El derecho es una de las profesiones más ingratas. Ganes o pierdas un juicio, siempre existirá un desagrado, una insatisfacción un dolor psíquico. Los psicoterapeutas psicoanalíticos bien sabemos, que el sentimiento de culpa siempre ronda la mente del abogado. Si su patrocinado pierde la demanda y en el peor de los casos, es recluido en un penal o sentenciado a la pena capital, la culpa se convierte en persecutoria, invasiva, desgarradora destructiva en el tiempo, dejándole poco espacio al abogado, para lograr, aunque sea, un mínimo de equilibrio emocional, una salud mental.

Si el abogado ‘gana’ el caso, muy en su interior y por lo general, de manera inconsciente, y sin que se dé cuenta, sentirá pena, tristeza por el otro y lo que es peor, el abogado no podrá expresarla. Sería un signo de debilidad, de flaqueza, de ‘aguafiestas’ en un contexto donde todos celebran el ‘triunfo’ el ‘éxito’. La justicia, muchas veces acompañada por la corrupción y el dinero, se impuso, “es un logro de la verdad”, así dicen muchos abogados, aunque ni ellos mismos se lo crean.
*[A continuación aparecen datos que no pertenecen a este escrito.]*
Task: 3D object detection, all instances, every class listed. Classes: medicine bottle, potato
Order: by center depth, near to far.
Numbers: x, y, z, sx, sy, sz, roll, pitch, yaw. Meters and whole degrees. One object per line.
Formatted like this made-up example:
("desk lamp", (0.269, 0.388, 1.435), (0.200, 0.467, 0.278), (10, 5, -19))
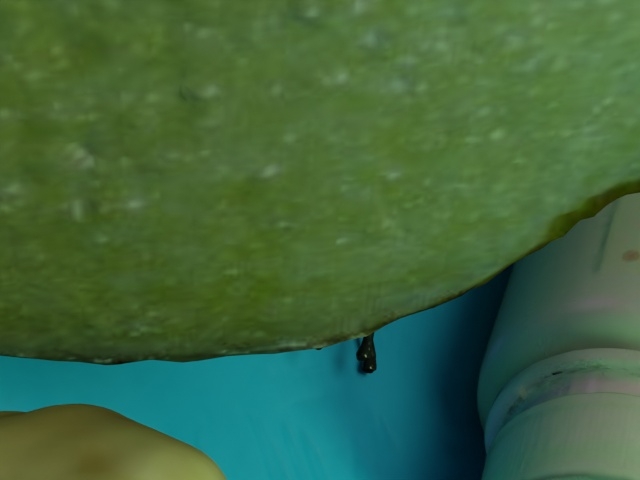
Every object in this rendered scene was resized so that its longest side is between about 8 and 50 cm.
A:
("potato", (-0.052, -0.180, 0.527), (0.442, 0.385, 0.319), (2, 55, -8))
("medicine bottle", (0.174, 0.060, 0.823), (0.170, 0.170, 0.293), (47, 40, -19))

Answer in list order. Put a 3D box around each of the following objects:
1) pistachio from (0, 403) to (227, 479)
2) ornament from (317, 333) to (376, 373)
("pistachio", (-0.091, 0.198, 0.426), (0.214, 0.193, 0.318), (30, 51, -28))
("ornament", (0.000, 0.000, 0.778), (0.073, 0.028, 0.125), (14, 60, -43))
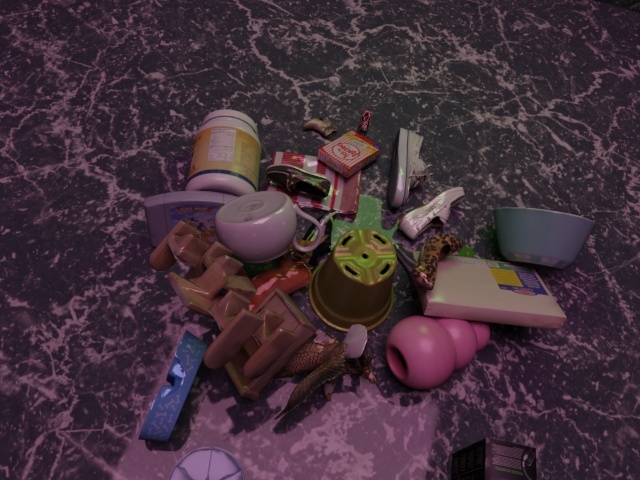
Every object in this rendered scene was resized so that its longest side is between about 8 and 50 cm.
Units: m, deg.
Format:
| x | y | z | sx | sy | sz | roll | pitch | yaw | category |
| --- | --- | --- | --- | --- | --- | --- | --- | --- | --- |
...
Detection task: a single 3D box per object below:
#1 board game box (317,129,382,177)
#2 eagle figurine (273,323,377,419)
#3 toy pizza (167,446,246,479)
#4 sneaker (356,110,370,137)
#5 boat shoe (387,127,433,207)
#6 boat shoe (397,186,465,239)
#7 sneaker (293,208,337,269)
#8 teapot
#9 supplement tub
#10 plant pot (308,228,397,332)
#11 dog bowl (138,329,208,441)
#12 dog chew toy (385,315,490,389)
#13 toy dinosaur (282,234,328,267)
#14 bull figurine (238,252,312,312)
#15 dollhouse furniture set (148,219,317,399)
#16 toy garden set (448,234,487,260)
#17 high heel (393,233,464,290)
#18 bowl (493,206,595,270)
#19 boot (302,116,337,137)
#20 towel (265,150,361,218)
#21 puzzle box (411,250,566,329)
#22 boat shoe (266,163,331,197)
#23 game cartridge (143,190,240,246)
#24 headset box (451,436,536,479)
| x | y | z | sx | sy | sz | roll | pitch | yaw | category |
| --- | --- | --- | --- | --- | --- | --- | --- | --- | --- |
| 0.106 | -0.317 | 1.887 | 0.147 | 0.045 | 0.193 | 35 | 51 | 23 | board game box |
| -0.001 | 0.353 | 1.422 | 0.298 | 0.226 | 0.225 | -3 | 80 | -15 | eagle figurine |
| -0.287 | 0.626 | 1.307 | 0.201 | 0.032 | 0.201 | 3 | 60 | -6 | toy pizza |
| 0.169 | -0.450 | 1.997 | 0.047 | 0.057 | 0.119 | 13 | 60 | -2 | sneaker |
| 0.335 | -0.253 | 1.869 | 0.156 | 0.136 | 0.367 | 14 | 49 | -3 | boat shoe |
| 0.400 | -0.087 | 1.792 | 0.277 | 0.098 | 0.096 | -31 | 68 | -13 | boat shoe |
| 0.000 | 0.000 | 1.709 | 0.097 | 0.084 | 0.234 | 41 | 61 | -11 | sneaker |
| -0.168 | -0.018 | 1.493 | 0.252 | 0.187 | 0.256 | -34 | 33 | -34 | teapot |
| -0.313 | -0.250 | 1.712 | 0.228 | 0.228 | 0.316 | 4 | 59 | -5 | supplement tub |
| 0.113 | 0.103 | 1.544 | 0.276 | 0.254 | 0.276 | 4 | 59 | -6 | plant pot |
| -0.381 | 0.386 | 1.369 | 0.074 | 0.166 | 0.297 | 24 | 58 | -7 | dog bowl |
| 0.353 | 0.294 | 1.501 | 0.332 | 0.206 | 0.206 | -16 | 63 | -25 | dog chew toy |
| -0.054 | 0.018 | 1.580 | 0.211 | 0.064 | 0.112 | -7 | 51 | -18 | toy dinosaur |
| -0.182 | 0.133 | 1.574 | 0.310 | 0.101 | 0.188 | -24 | 63 | -22 | bull figurine |
| -0.235 | 0.211 | 1.293 | 0.256 | 0.394 | 0.362 | -48 | 50 | 4 | dollhouse furniture set |
| 0.465 | 0.124 | 1.701 | 0.244 | 0.049 | 0.204 | 36 | 60 | 13 | toy garden set |
| 0.354 | 0.070 | 1.525 | 0.261 | 0.093 | 0.186 | -7 | 42 | -25 | high heel |
| 0.708 | 0.003 | 1.686 | 0.311 | 0.311 | 0.163 | 10 | 87 | -1 | bowl |
| 0.002 | -0.424 | 1.968 | 0.118 | 0.042 | 0.087 | -27 | 69 | -21 | boot |
| -0.021 | -0.207 | 1.839 | 0.329 | 0.037 | 0.237 | 9 | 58 | -2 | towel |
| 0.488 | 0.145 | 1.563 | 0.409 | 0.052 | 0.272 | 8 | 30 | -4 | puzzle box |
| -0.078 | -0.199 | 1.758 | 0.228 | 0.081 | 0.068 | 12 | 52 | -1 | boat shoe |
| -0.385 | -0.064 | 1.609 | 0.297 | 0.198 | 0.062 | -1 | 48 | -8 | game cartridge |
| 0.413 | 0.655 | 1.258 | 0.131 | 0.246 | 0.283 | 12 | 58 | 0 | headset box |

CULPA PERSECUTORIA VS. CULPA DEPRESIVA

Es muy cierto que el psiquiatra, al tomar poses y gestos del comportamiento disfuncional (léase locura), también pertenece a la psiquiatría; de forma similar, el abogado, también pertenece al conflicto, a la confrontación y al enfrentamiento. Y si defiende la corrupción municipal, él también inconscientemente, forma parte de ésta como corrupto o corruptor. Situación que genera que ciertos abogados se vean invadidos y desbordados por una suerte de culpa no persecutoria, pero sí depresiva. Muy encubierta en muchos casos y que origina, para lograr la anhelada homeostasis o el equilibrio psíquico, algunos complejos e indescifrables, a la razón, mecanismos de defensa que hacen a muchos abogados tener una personalidad digna de comentario, con graves consecuencias a nivel del vínculo familiar y de pareja.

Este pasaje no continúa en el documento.